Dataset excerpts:
*** Block opens ***

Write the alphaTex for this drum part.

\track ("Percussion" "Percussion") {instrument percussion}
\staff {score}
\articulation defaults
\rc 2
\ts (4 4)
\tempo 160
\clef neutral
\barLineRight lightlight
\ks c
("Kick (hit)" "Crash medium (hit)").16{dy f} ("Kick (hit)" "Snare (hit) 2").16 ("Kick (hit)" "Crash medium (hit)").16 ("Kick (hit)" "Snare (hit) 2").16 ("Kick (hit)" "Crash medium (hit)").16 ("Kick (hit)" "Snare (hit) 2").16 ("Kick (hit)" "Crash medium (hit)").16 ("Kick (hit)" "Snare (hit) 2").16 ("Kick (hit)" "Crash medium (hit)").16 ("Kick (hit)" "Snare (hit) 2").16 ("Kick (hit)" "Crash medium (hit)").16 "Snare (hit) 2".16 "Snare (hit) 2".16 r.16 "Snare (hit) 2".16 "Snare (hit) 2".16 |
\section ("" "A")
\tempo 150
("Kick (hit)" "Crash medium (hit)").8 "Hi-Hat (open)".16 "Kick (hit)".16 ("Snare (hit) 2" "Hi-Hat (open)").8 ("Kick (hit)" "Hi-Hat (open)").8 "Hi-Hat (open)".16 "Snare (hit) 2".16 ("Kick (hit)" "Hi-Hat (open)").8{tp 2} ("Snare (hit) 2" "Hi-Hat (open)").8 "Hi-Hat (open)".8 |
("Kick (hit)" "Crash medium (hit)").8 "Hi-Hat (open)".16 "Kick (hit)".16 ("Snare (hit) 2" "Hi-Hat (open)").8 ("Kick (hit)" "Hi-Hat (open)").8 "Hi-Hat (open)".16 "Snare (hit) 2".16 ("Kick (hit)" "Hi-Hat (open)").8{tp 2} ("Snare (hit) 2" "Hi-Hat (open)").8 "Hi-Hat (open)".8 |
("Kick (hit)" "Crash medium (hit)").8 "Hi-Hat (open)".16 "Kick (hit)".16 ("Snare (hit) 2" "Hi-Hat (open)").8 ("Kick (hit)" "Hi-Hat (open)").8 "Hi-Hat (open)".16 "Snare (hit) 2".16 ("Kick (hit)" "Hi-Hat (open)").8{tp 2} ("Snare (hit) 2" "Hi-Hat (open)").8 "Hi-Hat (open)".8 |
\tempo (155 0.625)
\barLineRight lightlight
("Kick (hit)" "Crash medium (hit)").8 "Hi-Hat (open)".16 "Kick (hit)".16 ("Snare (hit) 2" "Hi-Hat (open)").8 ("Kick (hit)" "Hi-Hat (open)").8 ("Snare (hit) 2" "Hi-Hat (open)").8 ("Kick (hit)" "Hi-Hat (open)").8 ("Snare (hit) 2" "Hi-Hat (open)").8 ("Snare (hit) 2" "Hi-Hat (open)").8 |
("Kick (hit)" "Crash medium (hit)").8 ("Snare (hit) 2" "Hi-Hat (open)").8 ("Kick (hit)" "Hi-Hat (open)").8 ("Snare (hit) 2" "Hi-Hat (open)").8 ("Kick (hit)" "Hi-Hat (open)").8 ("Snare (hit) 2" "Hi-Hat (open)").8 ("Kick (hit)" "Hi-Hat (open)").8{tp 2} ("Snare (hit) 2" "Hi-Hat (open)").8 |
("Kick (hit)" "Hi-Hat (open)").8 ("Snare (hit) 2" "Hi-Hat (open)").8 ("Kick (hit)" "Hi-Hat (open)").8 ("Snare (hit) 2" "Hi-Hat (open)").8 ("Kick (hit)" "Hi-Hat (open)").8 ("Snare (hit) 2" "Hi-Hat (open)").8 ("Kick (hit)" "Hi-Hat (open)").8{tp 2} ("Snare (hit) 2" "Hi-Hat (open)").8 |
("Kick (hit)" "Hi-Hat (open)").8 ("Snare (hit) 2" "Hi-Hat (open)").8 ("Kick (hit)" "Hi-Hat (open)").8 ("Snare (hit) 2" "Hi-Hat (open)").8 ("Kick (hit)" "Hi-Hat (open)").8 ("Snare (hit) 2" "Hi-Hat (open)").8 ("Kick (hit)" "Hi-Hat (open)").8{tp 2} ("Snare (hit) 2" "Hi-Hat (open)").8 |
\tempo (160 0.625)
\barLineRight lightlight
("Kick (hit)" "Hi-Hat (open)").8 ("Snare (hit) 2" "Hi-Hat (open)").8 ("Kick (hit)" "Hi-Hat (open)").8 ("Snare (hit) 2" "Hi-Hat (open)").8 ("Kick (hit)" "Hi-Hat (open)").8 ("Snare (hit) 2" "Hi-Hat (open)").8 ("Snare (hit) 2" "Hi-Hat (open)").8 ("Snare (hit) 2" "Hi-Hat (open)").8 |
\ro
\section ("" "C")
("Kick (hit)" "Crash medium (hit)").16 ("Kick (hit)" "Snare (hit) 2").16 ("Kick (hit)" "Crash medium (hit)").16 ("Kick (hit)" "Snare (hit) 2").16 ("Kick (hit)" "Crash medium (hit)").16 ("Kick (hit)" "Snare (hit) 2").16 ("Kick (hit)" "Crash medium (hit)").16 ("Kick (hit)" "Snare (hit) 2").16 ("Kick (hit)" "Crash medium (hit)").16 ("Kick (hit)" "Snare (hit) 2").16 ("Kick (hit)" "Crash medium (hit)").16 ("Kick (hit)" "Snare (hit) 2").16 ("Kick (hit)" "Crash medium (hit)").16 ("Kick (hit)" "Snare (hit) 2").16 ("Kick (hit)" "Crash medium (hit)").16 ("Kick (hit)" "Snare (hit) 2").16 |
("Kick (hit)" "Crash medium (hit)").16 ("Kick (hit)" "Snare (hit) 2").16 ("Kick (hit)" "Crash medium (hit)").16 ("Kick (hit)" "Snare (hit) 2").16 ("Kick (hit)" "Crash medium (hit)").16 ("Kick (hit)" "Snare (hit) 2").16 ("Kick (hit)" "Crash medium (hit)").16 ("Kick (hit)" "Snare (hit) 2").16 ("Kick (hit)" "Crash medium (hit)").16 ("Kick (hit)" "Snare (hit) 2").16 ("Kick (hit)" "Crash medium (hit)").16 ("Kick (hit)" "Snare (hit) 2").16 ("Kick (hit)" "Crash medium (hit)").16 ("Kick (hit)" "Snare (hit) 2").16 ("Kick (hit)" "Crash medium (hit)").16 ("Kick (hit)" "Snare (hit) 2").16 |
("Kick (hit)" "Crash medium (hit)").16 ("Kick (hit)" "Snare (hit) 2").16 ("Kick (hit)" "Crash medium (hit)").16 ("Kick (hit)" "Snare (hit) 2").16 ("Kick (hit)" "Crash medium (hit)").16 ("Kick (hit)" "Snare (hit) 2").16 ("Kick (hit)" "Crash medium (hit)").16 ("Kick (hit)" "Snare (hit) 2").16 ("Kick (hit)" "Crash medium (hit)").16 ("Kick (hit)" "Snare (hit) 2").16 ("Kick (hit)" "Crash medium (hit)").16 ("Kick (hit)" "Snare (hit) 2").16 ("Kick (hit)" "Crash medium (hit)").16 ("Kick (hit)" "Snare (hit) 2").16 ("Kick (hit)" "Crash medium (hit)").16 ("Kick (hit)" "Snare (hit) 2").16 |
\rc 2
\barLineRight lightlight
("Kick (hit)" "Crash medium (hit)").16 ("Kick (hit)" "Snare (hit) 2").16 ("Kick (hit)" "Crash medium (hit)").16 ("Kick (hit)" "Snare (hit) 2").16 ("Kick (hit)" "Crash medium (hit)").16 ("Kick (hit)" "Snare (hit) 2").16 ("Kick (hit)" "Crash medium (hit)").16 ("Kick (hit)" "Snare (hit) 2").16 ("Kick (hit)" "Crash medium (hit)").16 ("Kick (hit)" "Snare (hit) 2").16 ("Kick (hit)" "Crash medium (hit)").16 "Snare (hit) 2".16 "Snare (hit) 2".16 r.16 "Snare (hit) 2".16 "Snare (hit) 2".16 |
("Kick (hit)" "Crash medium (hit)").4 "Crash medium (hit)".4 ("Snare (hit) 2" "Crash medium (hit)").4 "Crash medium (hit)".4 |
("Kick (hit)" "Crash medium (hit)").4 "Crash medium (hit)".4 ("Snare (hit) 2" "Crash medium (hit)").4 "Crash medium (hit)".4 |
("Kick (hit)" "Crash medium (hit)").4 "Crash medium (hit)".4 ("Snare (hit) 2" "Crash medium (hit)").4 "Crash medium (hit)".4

*** Block closes ***

WHAT TO WORK ON: Check each line of the entries for "tempo" and copy those that have it.

WRITTEN RESPONSE:
\tempo 160
\tempo 150
\tempo (155 0.625)
\tempo (160 0.625)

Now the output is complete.